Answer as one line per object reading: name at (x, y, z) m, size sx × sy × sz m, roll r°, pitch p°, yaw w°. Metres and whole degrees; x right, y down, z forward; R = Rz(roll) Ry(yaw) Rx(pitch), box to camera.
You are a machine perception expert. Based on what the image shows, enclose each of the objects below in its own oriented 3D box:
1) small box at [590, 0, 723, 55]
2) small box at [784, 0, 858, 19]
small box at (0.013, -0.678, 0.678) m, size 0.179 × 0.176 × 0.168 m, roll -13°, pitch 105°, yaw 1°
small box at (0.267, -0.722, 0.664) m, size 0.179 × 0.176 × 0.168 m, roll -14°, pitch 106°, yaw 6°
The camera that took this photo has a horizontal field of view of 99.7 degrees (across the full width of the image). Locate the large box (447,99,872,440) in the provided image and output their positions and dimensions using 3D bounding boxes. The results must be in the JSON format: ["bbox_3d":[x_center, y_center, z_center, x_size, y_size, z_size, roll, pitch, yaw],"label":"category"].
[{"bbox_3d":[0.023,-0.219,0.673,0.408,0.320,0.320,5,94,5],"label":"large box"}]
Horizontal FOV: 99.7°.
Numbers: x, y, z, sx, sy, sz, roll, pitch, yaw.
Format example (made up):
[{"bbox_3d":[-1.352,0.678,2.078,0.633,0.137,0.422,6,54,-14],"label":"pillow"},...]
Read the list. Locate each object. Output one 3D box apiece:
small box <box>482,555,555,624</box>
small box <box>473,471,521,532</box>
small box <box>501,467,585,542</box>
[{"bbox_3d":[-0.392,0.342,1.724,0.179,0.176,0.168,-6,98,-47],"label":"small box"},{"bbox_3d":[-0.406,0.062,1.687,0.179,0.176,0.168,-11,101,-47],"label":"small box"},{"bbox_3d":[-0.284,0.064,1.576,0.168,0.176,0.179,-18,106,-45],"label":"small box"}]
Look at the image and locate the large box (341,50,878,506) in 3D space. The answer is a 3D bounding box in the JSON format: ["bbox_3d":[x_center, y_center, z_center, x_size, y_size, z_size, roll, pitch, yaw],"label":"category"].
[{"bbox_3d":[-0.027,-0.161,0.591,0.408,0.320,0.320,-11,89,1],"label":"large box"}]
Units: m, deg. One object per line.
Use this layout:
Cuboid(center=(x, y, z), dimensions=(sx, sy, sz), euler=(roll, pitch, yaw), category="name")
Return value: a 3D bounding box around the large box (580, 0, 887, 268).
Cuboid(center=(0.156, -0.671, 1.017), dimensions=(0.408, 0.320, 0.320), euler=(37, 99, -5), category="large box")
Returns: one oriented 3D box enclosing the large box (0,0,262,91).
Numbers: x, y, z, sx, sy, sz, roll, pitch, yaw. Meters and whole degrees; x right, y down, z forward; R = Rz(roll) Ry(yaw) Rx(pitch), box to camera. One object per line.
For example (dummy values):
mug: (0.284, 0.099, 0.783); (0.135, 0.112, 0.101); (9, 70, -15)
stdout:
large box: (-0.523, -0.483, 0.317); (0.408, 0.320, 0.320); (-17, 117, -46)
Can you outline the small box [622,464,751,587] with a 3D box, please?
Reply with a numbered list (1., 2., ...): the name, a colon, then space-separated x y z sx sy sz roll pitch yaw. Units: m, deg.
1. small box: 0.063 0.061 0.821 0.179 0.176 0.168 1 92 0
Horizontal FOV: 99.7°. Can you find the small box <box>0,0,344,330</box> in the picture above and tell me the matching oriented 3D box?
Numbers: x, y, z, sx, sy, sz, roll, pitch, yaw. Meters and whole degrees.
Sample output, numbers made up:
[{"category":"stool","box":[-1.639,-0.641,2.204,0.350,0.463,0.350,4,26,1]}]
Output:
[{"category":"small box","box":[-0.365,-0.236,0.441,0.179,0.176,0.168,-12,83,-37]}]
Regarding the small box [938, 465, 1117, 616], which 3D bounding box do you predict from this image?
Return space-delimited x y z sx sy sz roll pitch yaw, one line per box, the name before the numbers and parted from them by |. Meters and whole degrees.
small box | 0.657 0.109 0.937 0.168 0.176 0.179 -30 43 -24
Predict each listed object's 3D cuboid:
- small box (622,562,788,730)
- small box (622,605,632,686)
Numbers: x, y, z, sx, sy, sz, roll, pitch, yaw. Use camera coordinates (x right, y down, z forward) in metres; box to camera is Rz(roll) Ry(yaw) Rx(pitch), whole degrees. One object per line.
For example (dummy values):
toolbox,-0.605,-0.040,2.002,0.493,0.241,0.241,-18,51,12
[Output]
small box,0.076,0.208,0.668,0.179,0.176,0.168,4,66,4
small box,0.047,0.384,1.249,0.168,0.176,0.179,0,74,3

- **WHAT YOU WILL DO**: Return the entries above exactly as they appear.

- **ANSWER BOX**:
Answer as one line per object reading: name at (x, y, z) m, size sx × sy × sz m, roll r°, pitch p°, yaw w°. Metres and whole degrees; x right, y down, z forward; R = Rz(roll) Ry(yaw) Rx(pitch), box to camera.
You are a machine perception expert. Based on what the image shows, enclose each of the objects below in its own oriented 3D box:
1) small box at [590, 0, 723, 55]
2) small box at [784, 0, 858, 19]
small box at (0.013, -0.678, 0.678) m, size 0.179 × 0.176 × 0.168 m, roll -13°, pitch 105°, yaw 1°
small box at (0.267, -0.722, 0.664) m, size 0.179 × 0.176 × 0.168 m, roll -14°, pitch 106°, yaw 6°
The camera that took this photo has a horizontal field of view of 99.7 degrees (across the full width of the image). Locate the large box (447,99,872,440) in the provided image and output their positions and dimensions using 3D bounding boxes. The results must be in the JSON format: ["bbox_3d":[x_center, y_center, z_center, x_size, y_size, z_size, roll, pitch, yaw],"label":"category"].
[{"bbox_3d":[0.023,-0.219,0.673,0.408,0.320,0.320,5,94,5],"label":"large box"}]
Horizontal FOV: 99.7°.
Numbers: x, y, z, sx, sy, sz, roll, pitch, yaw.
Format example (made up):
[{"bbox_3d":[-1.352,0.678,2.078,0.633,0.137,0.422,6,54,-14],"label":"pillow"},...]
Read the list. Locate each object. Output one 3D box apiece:
small box <box>482,555,555,624</box>
small box <box>473,471,521,532</box>
small box <box>501,467,585,542</box>
[{"bbox_3d":[-0.392,0.342,1.724,0.179,0.176,0.168,-6,98,-47],"label":"small box"},{"bbox_3d":[-0.406,0.062,1.687,0.179,0.176,0.168,-11,101,-47],"label":"small box"},{"bbox_3d":[-0.284,0.064,1.576,0.168,0.176,0.179,-18,106,-45],"label":"small box"}]
Look at the image and locate the large box (341,50,878,506) in 3D space. The answer is a 3D bounding box in the JSON format: ["bbox_3d":[x_center, y_center, z_center, x_size, y_size, z_size, roll, pitch, yaw],"label":"category"].
[{"bbox_3d":[-0.027,-0.161,0.591,0.408,0.320,0.320,-11,89,1],"label":"large box"}]
Units: m, deg. One object per line.
Use this layout:
Cuboid(center=(x, y, z), dimensions=(sx, sy, sz), euler=(roll, pitch, yaw), category="name")
Return value: a 3D bounding box around the large box (580, 0, 887, 268).
Cuboid(center=(0.156, -0.671, 1.017), dimensions=(0.408, 0.320, 0.320), euler=(37, 99, -5), category="large box")
Returns: one oriented 3D box enclosing the large box (0,0,262,91).
Numbers: x, y, z, sx, sy, sz, roll, pitch, yaw. Meters and whole degrees; x right, y down, z forward; R = Rz(roll) Ry(yaw) Rx(pitch), box to camera. One object per line.
For example (dummy values):
mug: (0.284, 0.099, 0.783); (0.135, 0.112, 0.101); (9, 70, -15)
stdout:
large box: (-0.523, -0.483, 0.317); (0.408, 0.320, 0.320); (-17, 117, -46)
Can you outline the small box [622,464,751,587] with a 3D box, please?
Reply with a numbered list (1., 2., ...): the name, a colon, then space-separated x y z sx sy sz roll pitch yaw. Units: m, deg.
1. small box: 0.063 0.061 0.821 0.179 0.176 0.168 1 92 0
Horizontal FOV: 99.7°. Can you find the small box <box>0,0,344,330</box> in the picture above and tell me the matching oriented 3D box?
Numbers: x, y, z, sx, sy, sz, roll, pitch, yaw. Meters and whole degrees.
Sample output, numbers made up:
[{"category":"stool","box":[-1.639,-0.641,2.204,0.350,0.463,0.350,4,26,1]}]
Output:
[{"category":"small box","box":[-0.365,-0.236,0.441,0.179,0.176,0.168,-12,83,-37]}]
Regarding the small box [938, 465, 1117, 616], which 3D bounding box do you predict from this image?
Return space-delimited x y z sx sy sz roll pitch yaw, one line per box, the name before the numbers and parted from them by |. Meters and whole degrees.
small box | 0.657 0.109 0.937 0.168 0.176 0.179 -30 43 -24
Predict each listed object's 3D cuboid:
- small box (622,562,788,730)
- small box (622,605,632,686)
Numbers: x, y, z, sx, sy, sz, roll, pitch, yaw. Use camera coordinates (x right, y down, z forward) in metres; box to camera is Rz(roll) Ry(yaw) Rx(pitch), whole degrees. One object per line.
For example (dummy values):
toolbox,-0.605,-0.040,2.002,0.493,0.241,0.241,-18,51,12
[Output]
small box,0.076,0.208,0.668,0.179,0.176,0.168,4,66,4
small box,0.047,0.384,1.249,0.168,0.176,0.179,0,74,3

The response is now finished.